A more traditional school of thought is burning the sprint down only when tasks get completed.

This has a strong statement behind it: I do not care whether 80% or 67.5% of a task is complete; I only care when its acceptance criteria are ticked of, and it is declared as done.

It's definitely more honest, but it does have a couple of weaknesses:

a) It does not cope well with large stories. There's no insight from the burndown chart on how they're getting on, and the longer the story is, the more opaque it becomes. In worst cases, we end up getting the sordid picture below:




b) It is susceptible to minor roadblocks. E.g. a defect is solved, committed, and ready to be validated, but there is no environment to validate it on; in the meantime, the burndown chart flatlines.

However, honesty trumps visibility, while, on the other hand, these weaknesses can be overcome.

For starters, there are many other good reasons to avoid large tasks. They usually are a symptom of planning gaps, so one could argue that with proper homework, we don't need to worry about tracking those, and problem a does not exist.

As for minor roadblocks: there is a variety of tactics for getting them out from the way, but no single recipe. I usually prefer constructing stories with as few external dependencies as possible exactly for tracking purposes.

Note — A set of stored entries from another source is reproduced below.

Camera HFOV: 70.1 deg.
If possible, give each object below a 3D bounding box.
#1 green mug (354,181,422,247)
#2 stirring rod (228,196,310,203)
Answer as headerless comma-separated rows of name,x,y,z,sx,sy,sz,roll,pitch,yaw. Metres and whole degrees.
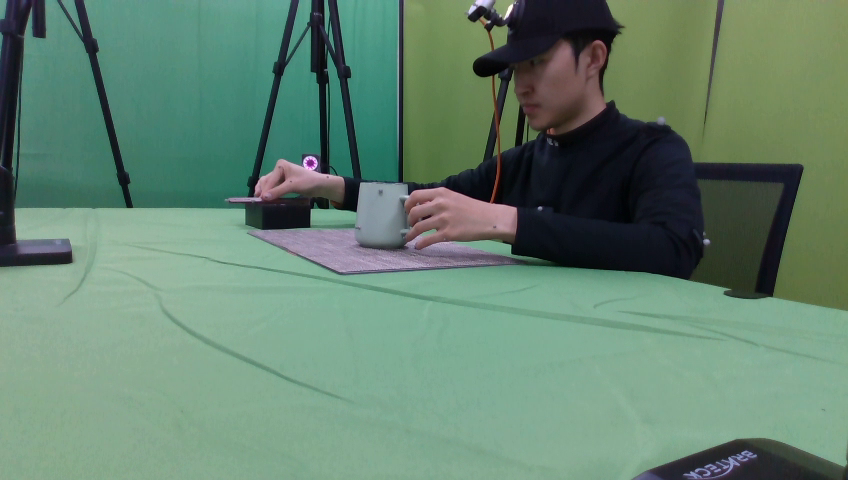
green mug,-0.055,-0.042,0.988,0.125,0.105,0.093,7,8,35
stirring rod,-0.316,-0.084,1.244,0.177,0.006,0.014,-4,34,-40
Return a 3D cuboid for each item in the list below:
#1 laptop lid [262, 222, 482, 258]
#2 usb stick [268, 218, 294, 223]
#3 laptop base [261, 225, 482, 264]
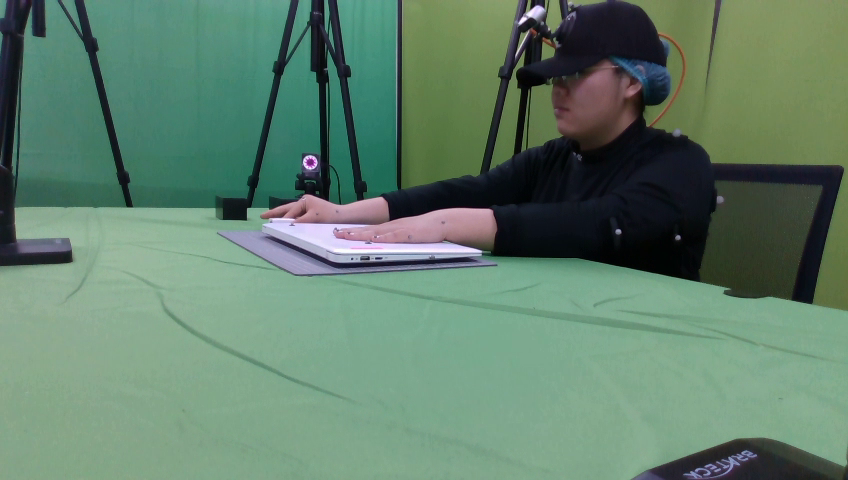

Another benefit of burning down only on task completion - it's less onerous on the engineers. This way they spend less time on bookkeeping and more time on doing useful work.

Thus, with everything taken into account, the only benefit from logging time is retrospectives; i.e. figuring out where we deviated from the original estimate. From my experience, it is hardly worth all the trouble, especially as overspend usually already manifests itself indirectly via tasks delayed to the next sprint. 

Stories versus sub-tasks

Just a bit of mechanics before wrapping up. All Scrum tools provide several layers of tasks:
  1. Epics (which I talked about in the past)
  2. Stories
  3. Subtasks

Subtasks differ from stories in three ways:
  • They are created and owned by the engineer, as opposed to the Product Owner 
  • Acceptance criteria on them are optional
  • They must be a part of a bigger story.
Just to make this a bit more visual, here's a sample JIRA screenshot:

For example, if our story is "Create a REST-ful service for data provisioning", its sub-tasks might be:
  • Define a mock API
  • Create auto-tests to drive the mock API (let's assume we are doing TDD)
  • Implement call A
  • Implement call B

Subtasks look perfectly suited for getting fine-grained units in place to drive burndown charts and proper planning. They are owned by the developer (so, Product Owner does not have to deal with umpteen user stories), and they are fine-grained by definition.

Unfortunately, I'm yet to find a tool which burns down on subtask completion. The usual reasoning is that nobody apart from the engineer should care about internal tasks being done.
My personal take is that others do care, and having those reflected in charts makes sprints less opaque, but we have to work with what we've got.

In short, subtasks look great in theory, but in practice they are impossible to track, and with time I ended up reverting to stories throughout.

To tame a chart

Getting the burndown graph to reflect reality is equally hard and important. The main recipe is having small tasks, and ticking things off only when they are done, not when they are complete. Subtask is the unfortunate victim of this approach, as Scrum tools do not reflect them in reports.